To build a car it costs about $150,000 in parts and labor alone, Leslie-Pelecky said. Each team builds eight to 10 cars for a driver per season, but the real cost, the reason cars resemble "flying billboards," is in research and development, she said.
Millions of dollars are spent each year by teams in tweaking and perfecting every detail to maximize performance, Leslie-Pelecky said. Since NASCAR has stringent regulations on nearly every component, teams have a very narrow window for improvement.
"The rules establish a sort of box, and you have that box to work within," she said. "Whoever is smartest at optimizing things within that box is going to have the fastest car. After that, it's all luck."
Despite an extensive knowledge and thorough enjoyment of the sport, Leslie-Pelecky has not always been a fan of NASCAR.
"I have to admit, I was always one of those people who never understood why anyone would want to watch cars going around in circles for hours," she said. "It utterly baffled me."
Three years ago, flipping through television channels on Memorial Day weekend, she happened upon a NASCAR race just in time to see a car lose control and careen into the wall. She was immediately hooked.
But it was not just morbid curiosity that grabbed her attention. At a loss to explain the crash, her scientific interest was piqued.
"This (wreck) really bugged me, because there was no obvious reason why a car would all of a sudden go into the wall like that," she said. "I just couldn't figure it out."
One of the primary reasons for writing the book, Leslie-Pelecky said, was that she began to realize that if science could get a physicist interested in NASCAR, then NASCAR might get non-physicists interested in science.

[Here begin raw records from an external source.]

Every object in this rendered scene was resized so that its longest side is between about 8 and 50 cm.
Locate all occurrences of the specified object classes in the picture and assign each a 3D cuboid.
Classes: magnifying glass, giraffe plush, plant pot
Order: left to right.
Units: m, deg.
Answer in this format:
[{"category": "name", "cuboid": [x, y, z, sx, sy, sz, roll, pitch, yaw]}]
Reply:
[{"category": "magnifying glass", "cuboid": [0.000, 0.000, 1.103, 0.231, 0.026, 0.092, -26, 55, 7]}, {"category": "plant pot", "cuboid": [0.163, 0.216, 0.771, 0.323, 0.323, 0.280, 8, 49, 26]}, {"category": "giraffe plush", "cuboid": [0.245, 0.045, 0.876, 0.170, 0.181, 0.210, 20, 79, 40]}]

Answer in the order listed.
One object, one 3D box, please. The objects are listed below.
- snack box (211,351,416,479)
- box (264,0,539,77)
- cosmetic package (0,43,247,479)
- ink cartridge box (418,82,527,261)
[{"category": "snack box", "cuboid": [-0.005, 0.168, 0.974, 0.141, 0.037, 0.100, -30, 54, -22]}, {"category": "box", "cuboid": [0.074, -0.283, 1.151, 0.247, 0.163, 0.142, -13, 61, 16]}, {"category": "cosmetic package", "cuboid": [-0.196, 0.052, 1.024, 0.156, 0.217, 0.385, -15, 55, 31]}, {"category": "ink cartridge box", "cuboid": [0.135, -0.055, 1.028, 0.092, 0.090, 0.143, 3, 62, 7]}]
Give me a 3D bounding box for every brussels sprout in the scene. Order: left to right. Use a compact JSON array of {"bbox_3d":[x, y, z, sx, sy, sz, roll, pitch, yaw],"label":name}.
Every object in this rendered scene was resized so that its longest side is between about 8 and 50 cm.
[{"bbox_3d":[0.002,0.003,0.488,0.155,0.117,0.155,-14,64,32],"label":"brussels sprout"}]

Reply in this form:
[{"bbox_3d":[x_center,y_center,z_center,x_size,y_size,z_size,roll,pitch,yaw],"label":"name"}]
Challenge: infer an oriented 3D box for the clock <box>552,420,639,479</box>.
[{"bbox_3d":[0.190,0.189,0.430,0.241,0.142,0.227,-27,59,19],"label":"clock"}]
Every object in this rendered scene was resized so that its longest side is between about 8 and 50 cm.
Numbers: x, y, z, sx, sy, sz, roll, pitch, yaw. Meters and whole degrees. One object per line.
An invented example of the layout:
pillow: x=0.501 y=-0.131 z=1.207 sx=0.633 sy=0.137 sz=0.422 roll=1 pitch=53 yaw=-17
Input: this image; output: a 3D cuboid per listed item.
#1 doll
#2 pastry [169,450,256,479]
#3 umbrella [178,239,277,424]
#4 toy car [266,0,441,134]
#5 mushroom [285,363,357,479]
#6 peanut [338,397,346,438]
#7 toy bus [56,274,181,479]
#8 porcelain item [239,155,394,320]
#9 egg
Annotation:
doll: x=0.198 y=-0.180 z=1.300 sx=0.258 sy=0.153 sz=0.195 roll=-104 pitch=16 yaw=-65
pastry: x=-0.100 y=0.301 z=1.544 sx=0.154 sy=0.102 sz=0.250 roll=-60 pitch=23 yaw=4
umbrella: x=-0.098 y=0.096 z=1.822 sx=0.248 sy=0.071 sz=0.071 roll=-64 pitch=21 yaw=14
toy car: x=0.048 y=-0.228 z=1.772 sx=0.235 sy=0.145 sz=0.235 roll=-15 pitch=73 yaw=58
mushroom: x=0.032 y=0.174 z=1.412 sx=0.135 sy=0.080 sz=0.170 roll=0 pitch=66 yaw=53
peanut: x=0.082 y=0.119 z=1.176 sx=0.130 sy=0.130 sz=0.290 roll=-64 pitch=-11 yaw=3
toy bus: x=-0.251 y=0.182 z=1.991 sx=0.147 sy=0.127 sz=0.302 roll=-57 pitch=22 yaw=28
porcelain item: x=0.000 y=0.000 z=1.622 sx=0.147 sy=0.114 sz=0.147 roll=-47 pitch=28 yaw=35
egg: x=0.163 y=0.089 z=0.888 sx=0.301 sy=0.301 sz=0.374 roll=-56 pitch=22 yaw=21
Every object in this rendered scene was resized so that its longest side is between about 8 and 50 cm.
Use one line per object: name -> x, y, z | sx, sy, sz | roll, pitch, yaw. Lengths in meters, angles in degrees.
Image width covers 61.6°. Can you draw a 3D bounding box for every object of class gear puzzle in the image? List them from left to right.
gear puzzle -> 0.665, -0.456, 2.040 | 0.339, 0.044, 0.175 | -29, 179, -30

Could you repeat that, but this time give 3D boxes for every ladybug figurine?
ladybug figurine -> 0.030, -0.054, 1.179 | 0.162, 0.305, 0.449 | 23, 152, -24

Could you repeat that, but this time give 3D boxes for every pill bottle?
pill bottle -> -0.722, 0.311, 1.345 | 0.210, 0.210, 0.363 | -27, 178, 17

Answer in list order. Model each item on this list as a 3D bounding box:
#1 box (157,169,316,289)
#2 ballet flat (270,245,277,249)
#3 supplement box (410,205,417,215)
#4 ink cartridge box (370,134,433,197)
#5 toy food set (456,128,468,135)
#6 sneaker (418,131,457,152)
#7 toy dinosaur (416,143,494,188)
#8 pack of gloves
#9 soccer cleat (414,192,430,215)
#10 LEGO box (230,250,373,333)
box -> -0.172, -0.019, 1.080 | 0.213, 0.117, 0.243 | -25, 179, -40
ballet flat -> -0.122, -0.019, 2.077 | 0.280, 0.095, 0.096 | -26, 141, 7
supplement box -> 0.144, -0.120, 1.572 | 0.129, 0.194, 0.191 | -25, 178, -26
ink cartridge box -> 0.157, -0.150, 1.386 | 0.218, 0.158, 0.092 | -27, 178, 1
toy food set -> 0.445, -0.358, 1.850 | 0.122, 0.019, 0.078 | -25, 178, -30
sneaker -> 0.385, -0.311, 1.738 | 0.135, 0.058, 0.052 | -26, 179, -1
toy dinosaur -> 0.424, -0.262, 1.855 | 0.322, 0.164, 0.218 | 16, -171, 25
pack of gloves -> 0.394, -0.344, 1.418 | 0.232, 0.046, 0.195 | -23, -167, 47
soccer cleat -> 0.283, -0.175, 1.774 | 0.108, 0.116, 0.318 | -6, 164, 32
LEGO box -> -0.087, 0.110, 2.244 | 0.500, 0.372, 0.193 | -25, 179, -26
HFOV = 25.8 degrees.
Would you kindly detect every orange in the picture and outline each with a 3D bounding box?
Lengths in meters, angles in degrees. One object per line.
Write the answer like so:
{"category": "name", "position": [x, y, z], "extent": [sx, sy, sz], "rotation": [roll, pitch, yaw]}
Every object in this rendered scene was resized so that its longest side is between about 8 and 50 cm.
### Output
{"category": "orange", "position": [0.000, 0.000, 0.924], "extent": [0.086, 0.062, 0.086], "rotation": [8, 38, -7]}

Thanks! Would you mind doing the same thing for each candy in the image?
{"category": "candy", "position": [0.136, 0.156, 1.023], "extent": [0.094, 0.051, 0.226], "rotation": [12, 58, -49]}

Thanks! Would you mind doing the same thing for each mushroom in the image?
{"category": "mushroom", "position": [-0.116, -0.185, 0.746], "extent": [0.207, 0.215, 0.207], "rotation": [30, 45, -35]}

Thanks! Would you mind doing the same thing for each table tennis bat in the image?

In the spring semester, Leslie-Pelecky will teach "The Science of Cars," a course for non-science majors that will explore physics and chemistry in terms of cars.
"The basic things are the exact same things you find in every introductory level physics class," she said. "You're worried about position, speed and acceleration. You're worried about force and energy. Why not teach those things in terms of something people actually encounter every day."
Leslie-Pelecky's work at UTD focuses on how nanomagnetic particles can be used to treat disease. Her research into biology and medicine broadens the scope of research at UTD, said Myron Salamon, physics dean, who recruited her from the University of Nebraska.
"I had my eye on her since before I came down here (to UTD)," he said. "I thought she would fit in well."